[Exercise instructions]:
The line containing "102.3h5.1M116.5 102.3h17.8M190.2 102.3h-30.5v2.5M210.6" marks the start; repeat it and every following line exactly through the end of the entries.

[Source data]:
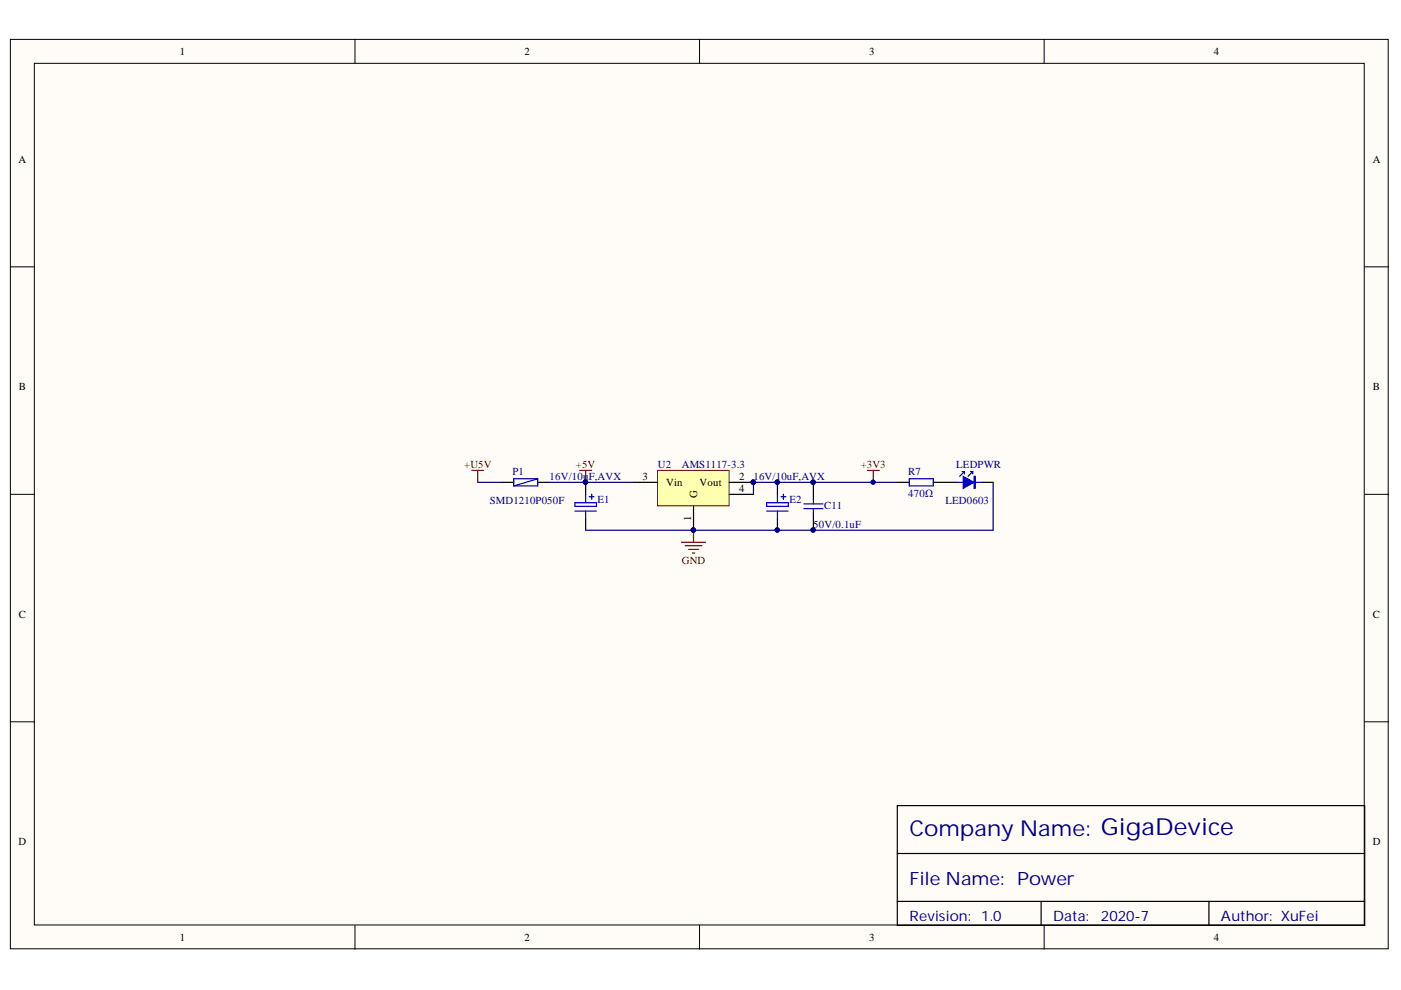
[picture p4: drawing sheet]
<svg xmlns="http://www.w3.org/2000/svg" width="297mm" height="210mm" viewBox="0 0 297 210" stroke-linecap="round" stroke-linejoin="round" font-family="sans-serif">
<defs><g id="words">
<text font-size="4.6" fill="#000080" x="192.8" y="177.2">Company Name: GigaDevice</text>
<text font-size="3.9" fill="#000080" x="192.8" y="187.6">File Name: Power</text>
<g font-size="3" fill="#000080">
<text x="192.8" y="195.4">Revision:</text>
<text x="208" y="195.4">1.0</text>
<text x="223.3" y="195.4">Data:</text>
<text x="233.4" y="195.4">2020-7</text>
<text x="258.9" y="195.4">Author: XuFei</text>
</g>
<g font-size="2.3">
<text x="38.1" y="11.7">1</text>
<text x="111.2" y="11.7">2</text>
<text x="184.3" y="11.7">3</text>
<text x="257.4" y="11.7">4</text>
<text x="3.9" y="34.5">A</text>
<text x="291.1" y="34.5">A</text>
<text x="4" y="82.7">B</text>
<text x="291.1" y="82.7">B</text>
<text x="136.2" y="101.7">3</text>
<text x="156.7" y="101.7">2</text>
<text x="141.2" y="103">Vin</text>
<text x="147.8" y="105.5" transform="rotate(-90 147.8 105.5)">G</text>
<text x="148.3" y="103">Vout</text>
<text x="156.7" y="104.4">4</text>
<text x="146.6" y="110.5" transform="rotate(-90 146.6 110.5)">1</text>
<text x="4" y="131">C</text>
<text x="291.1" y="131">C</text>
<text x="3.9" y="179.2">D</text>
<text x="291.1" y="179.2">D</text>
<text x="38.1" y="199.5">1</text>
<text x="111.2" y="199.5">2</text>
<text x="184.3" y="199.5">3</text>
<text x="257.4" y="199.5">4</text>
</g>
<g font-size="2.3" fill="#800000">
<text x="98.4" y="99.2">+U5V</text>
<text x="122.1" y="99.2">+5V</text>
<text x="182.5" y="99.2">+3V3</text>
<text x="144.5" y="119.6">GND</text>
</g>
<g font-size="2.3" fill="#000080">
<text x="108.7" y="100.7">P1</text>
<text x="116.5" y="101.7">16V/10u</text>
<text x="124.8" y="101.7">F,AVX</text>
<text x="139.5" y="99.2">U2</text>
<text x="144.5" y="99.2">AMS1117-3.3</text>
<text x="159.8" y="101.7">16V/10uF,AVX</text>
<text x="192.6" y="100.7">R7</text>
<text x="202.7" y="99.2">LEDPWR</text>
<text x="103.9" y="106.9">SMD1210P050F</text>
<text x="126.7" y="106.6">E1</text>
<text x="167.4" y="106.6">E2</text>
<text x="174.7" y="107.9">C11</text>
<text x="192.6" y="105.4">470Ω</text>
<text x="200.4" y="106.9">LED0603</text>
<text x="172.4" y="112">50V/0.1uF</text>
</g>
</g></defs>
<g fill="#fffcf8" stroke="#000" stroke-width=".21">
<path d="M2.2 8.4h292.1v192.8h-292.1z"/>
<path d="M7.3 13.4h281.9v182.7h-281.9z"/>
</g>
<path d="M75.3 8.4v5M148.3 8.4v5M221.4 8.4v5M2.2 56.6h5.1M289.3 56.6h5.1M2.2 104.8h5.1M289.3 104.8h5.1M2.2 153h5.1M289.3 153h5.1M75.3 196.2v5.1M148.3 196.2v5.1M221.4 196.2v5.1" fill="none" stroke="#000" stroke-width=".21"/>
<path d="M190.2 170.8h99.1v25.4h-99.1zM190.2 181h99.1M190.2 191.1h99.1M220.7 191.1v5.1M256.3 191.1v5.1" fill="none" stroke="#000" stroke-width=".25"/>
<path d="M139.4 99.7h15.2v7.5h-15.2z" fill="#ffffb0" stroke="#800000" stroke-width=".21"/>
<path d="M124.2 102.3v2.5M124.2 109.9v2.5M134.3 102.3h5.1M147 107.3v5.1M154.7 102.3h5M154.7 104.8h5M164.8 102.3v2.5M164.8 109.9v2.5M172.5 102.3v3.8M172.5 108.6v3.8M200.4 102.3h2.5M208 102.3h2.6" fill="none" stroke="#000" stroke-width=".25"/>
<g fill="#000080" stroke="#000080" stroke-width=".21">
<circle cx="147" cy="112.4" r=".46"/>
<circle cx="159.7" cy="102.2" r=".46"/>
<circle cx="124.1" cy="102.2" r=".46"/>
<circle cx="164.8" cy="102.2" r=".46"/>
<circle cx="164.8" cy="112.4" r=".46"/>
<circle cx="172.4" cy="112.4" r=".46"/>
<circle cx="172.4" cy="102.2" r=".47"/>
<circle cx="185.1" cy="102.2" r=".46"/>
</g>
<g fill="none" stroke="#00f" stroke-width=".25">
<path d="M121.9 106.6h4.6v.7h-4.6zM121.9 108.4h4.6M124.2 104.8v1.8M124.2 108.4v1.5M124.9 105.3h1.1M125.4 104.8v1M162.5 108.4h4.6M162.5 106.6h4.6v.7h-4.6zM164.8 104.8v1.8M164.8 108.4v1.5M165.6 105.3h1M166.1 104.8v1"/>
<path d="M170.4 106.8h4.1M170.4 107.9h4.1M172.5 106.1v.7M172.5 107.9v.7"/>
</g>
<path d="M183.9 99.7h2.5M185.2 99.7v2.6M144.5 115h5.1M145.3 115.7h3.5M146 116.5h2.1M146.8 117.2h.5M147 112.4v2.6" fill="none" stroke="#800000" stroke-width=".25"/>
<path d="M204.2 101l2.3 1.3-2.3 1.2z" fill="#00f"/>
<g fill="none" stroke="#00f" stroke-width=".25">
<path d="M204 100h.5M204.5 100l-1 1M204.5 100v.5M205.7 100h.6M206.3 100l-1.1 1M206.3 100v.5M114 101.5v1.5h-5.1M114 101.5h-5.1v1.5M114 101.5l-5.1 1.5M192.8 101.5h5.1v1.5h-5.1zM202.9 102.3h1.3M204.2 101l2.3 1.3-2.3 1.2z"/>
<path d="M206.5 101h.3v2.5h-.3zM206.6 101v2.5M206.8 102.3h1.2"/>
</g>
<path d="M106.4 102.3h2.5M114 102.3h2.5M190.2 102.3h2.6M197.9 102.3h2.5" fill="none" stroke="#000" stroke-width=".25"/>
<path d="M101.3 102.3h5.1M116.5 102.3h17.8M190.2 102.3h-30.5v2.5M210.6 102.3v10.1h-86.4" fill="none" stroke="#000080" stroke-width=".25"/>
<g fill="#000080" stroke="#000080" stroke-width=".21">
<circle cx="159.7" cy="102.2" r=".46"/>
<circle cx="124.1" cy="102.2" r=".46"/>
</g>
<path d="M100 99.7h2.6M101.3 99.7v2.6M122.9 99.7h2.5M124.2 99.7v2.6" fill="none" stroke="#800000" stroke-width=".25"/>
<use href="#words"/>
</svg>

[Completed task]:
<path d="M101.3 102.3h5.1M116.5 102.3h17.8M190.2 102.3h-30.5v2.5M210.6 102.3v10.1h-86.4" fill="none" stroke="#000080" stroke-width=".25"/>
<g fill="#000080" stroke="#000080" stroke-width=".21">
<circle cx="159.7" cy="102.2" r=".46"/>
<circle cx="124.1" cy="102.2" r=".46"/>
</g>
<path d="M100 99.7h2.6M101.3 99.7v2.6M122.9 99.7h2.5M124.2 99.7v2.6" fill="none" stroke="#800000" stroke-width=".25"/>
<use href="#words"/>
</svg>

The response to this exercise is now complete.